Department of Biology, University of Groningen, Groningen, Netherlands.
Department of Biochemistry and Synthetic Metabolism, Max-Planck Institute for Terrestrial Microbiology, Marburg, Germany.
Prog Mol Biol Transl Sci. 2021;180:123-140. doi: 10.1016/bs.pmbts.2021.01.007. Epub 2021 Feb 12.

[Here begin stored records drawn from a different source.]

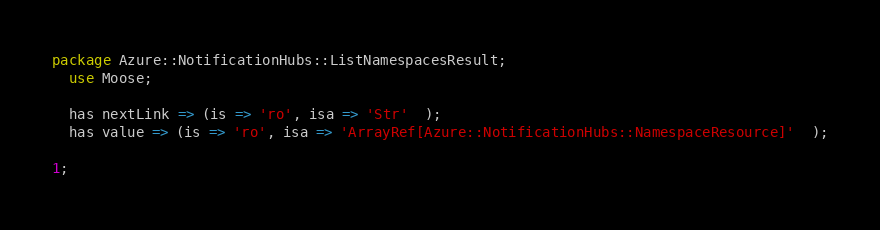<code> <loc_0><loc_0><loc_500><loc_500><_Perl_>package Azure::NotificationHubs::ListNamespacesResult;
  use Moose;

  has nextLink => (is => 'ro', isa => 'Str'  );
  has value => (is => 'ro', isa => 'ArrayRef[Azure::NotificationHubs::NamespaceResource]'  );

1;
</code> 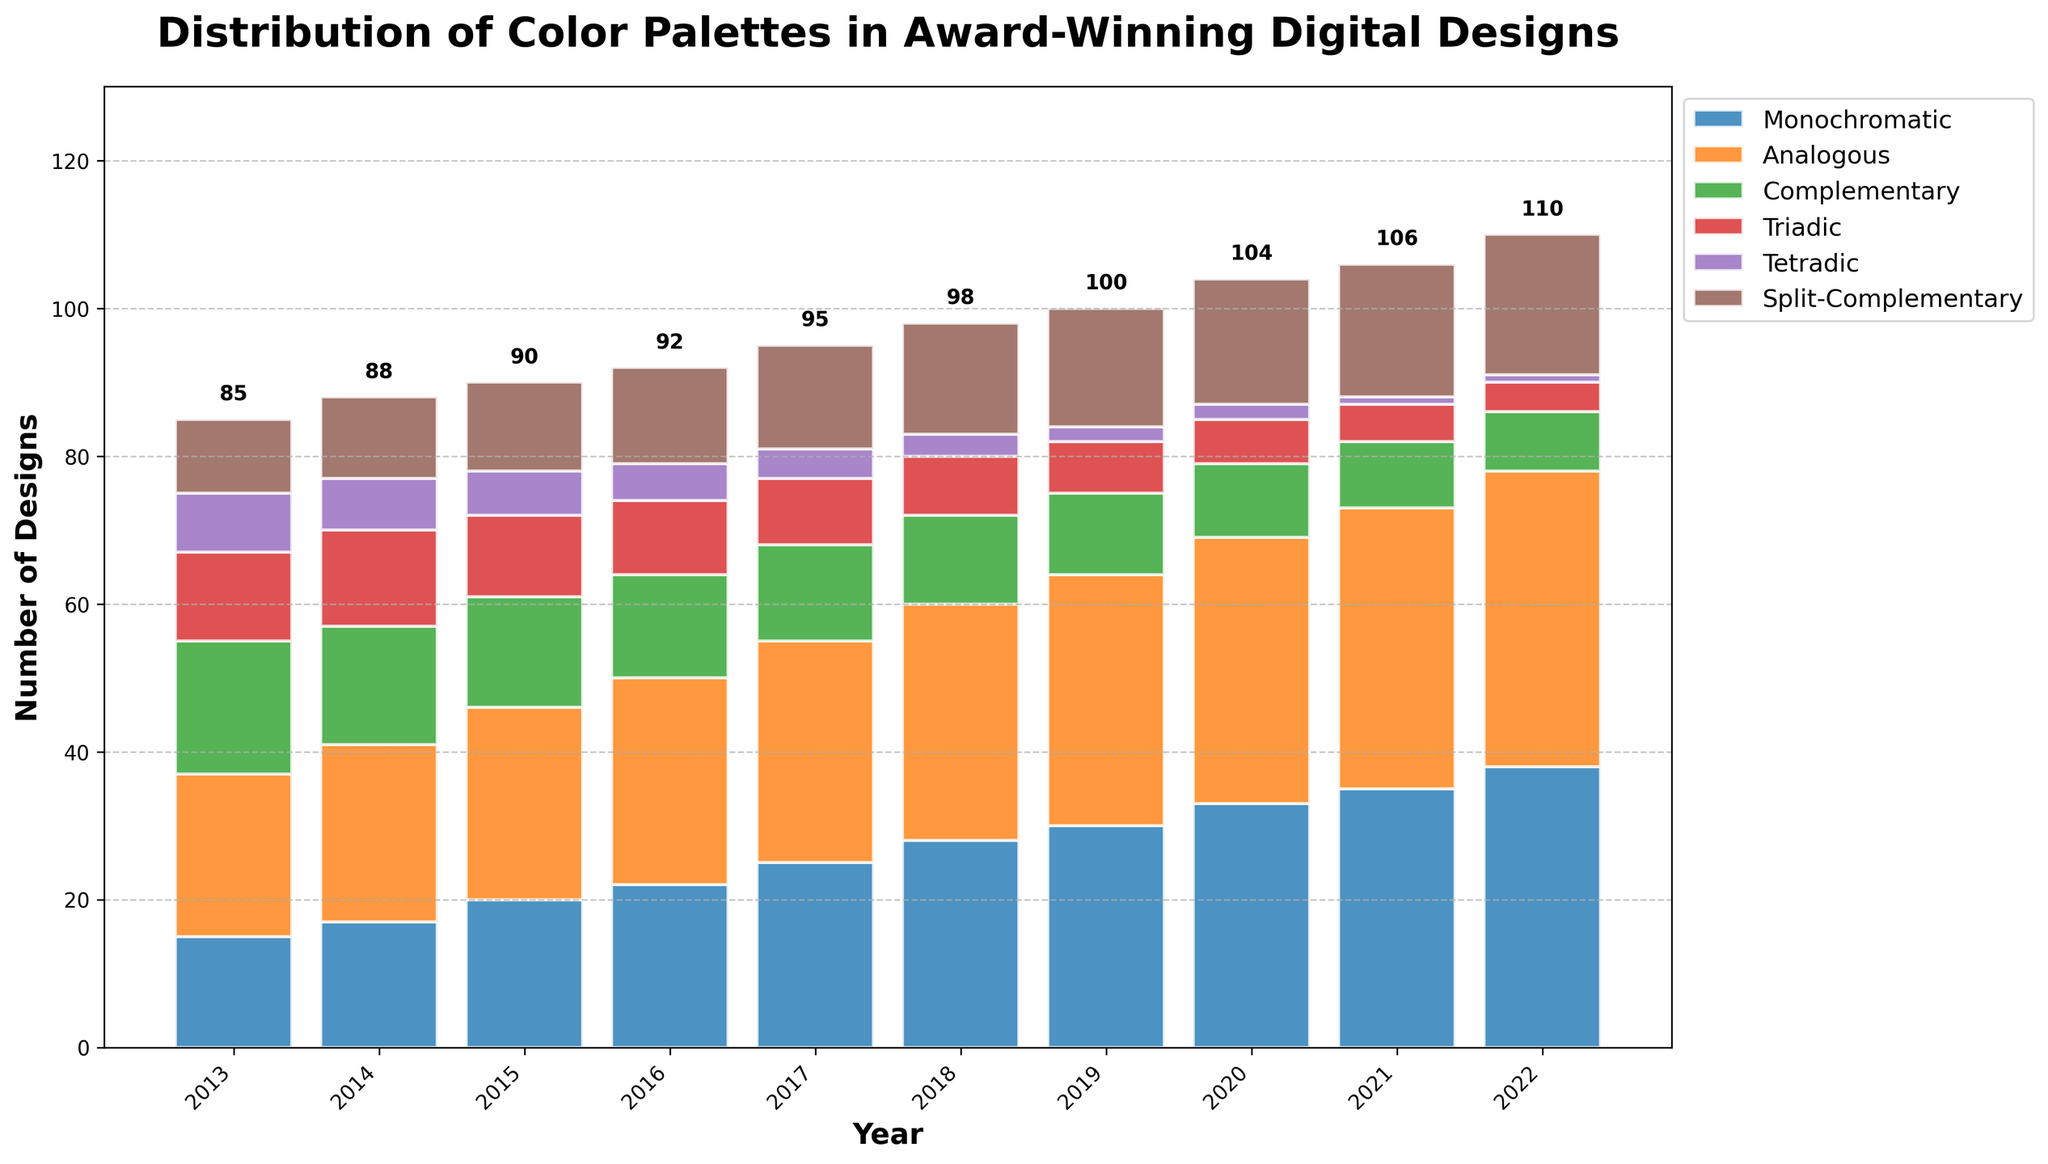What is the total number of award-winning designs in 2020? First, find the individual values for each color palette in the year 2020: Monochromatic (33), Analogous (36), Complementary (10), Triadic (6), Tetradic (2), and Split-Complementary (17). Summing these values gives 33 + 36 + 10 + 6 + 2 + 17 = 104.
Answer: 104 Which color palette was used the least in 2022? Look at the values for all color palettes in 2022 and identify the smallest value: Monochromatic (38), Analogous (40), Complementary (8), Triadic (4), Tetradic (1), and Split-Complementary (19). The smallest value is for the Tetradic palette.
Answer: Tetradic How did the use of Monochromatic palettes change from 2013 to 2022? In 2013, the number of Monochromatic designs was 15. In 2022, it was 38. Calculate the difference between these two values: 38 - 15 = 23.
Answer: Increased by 23 Across the years, which color palette shows the most consistent growth in usage? Analyze the trendline for each color palette over the years from 2013 to 2022. The Analogous palette consistently increases each year, from 22 in 2013 to 40 in 2022, showing the most consistent growth.
Answer: Analogous What is the combined total of designs using Triadic and Split-Complementary palettes in 2019? Find the number of Triadic (7) and Split-Complementary (16) designs in 2019. Sum these values: 7 + 16 = 23.
Answer: 23 Which year had the highest number of designs using Complementary palettes, and how many designs used this palette that year? Looking at the values for Complementary palettes over the years, the peak is in 2013 with 18 designs.
Answer: 2013, 18 How many times did the use of Tetradic palettes equal the use of Split-Complementary palettes over the decade? Compare the values of Tetradic and Split-Complementary palettes for each year to see if any are equal. In 2019 and 2020, the number of Tetradic designs equals 2, the same as Split-Complementary designs. This occurs twice.
Answer: 2 times Compare the use of Monochromatic and Analogous palettes in 2014. Which was higher, and by how much? In 2014, the Monochromatic designs number was 17, and Analogous designs were 24. Calculate the difference: 24 - 17 = 7. Analogous is higher.
Answer: Analogous, by 7 What is the average number of designs using Analogous palettes from 2013 to 2017? Add the number of Analogous designs from 2013 to 2017: 22 + 24 + 26 + 28 + 30 = 130. Divide this total by 5 (the number of years): 130 / 5 = 26.
Answer: 26

Sequence-specific control of gene expression is a powerful tool for identifying and studying gene functions and cellular processes. CRISPR interference (CRISPRi) is an RNA-based method for highly specific silencing of the transcription in prokaryotic or eukaryotic cells. The typical CRISPRi system is a type II CRISPR (clustered regularly interspaced palindromic repeats) machinery of Streptococcus pyogenes. CRISPRi requires two main components: A catalytically inactivated Cas9, namely dCas9 and a guide RNA (sgRNA). These two components associate and form a DNA recognition complex. The dCas9/sgRNA complex then specifically binds to the target DNA complementary with the sgRNA and sterically prevents the association of the promoter or transcription factors with their trans-acting sequences or blocks the transcription elongation. This chapter discusses CRISPRi structure, mechanism and its applications.
序列特异性基因表达调控是鉴定和研究基因功能和细胞过程的有力工具。CRISPR 干扰(CRISPRi)是一种基于 RNA 的方法,可高度特异性地抑制原核或真核细胞中的转录。典型的 CRISPRi 系统是来自酿脓链球菌的 II 型 CRISPR(成簇的规律间隔的短回文重复序列)机制。CRISPRi 需要两个主要组件:一种无催化活性的 Cas9,即 dCas9 和向导 RNA(sgRNA)。这两个组件结合形成 DNA 识别复合物。然后,dCas9/sgRNA 复合物特异性地与与 sgRNA 互补的靶 DNA 结合,并通过空间位阻防止启动子或转录因子与其反式作用序列结合或阻断转录延伸。本章讨论了 CRISPRi 的结构、机制及其应用。